Task directions
What follows is a set of entries; retype all of them exactly.

Task inputs
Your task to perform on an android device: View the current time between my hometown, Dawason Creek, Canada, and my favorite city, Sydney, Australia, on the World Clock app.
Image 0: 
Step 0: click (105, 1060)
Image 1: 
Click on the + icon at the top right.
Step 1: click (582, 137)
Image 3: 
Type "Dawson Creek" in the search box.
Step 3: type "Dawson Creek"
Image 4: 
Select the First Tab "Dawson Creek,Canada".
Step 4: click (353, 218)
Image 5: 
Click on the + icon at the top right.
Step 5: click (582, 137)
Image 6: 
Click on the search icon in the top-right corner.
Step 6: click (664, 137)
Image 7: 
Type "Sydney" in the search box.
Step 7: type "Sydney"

Result of this task
Your task to perform on an android device: View the current time between my hometown, Dawason Creek, Canada, and my favorite city, Sydney, Australia, on the World Clock app.
Image 0: 
Step 0: click (105, 1060)
Image 1: 
Click on the + icon at the top right.
Step 1: click (582, 137)
Image 3: 
Type "Dawson Creek" in the search box.
Step 3: type "Dawson Creek"
Image 4: 
Select the First Tab "Dawson Creek,Canada".
Step 4: click (353, 218)
Image 5: 
Click on the + icon at the top right.
Step 5: click (582, 137)
Image 6: 
Click on the search icon in the top-right corner.
Step 6: click (664, 137)
Image 7: 
Type "Sydney" in the search box.
Step 7: type "Sydney"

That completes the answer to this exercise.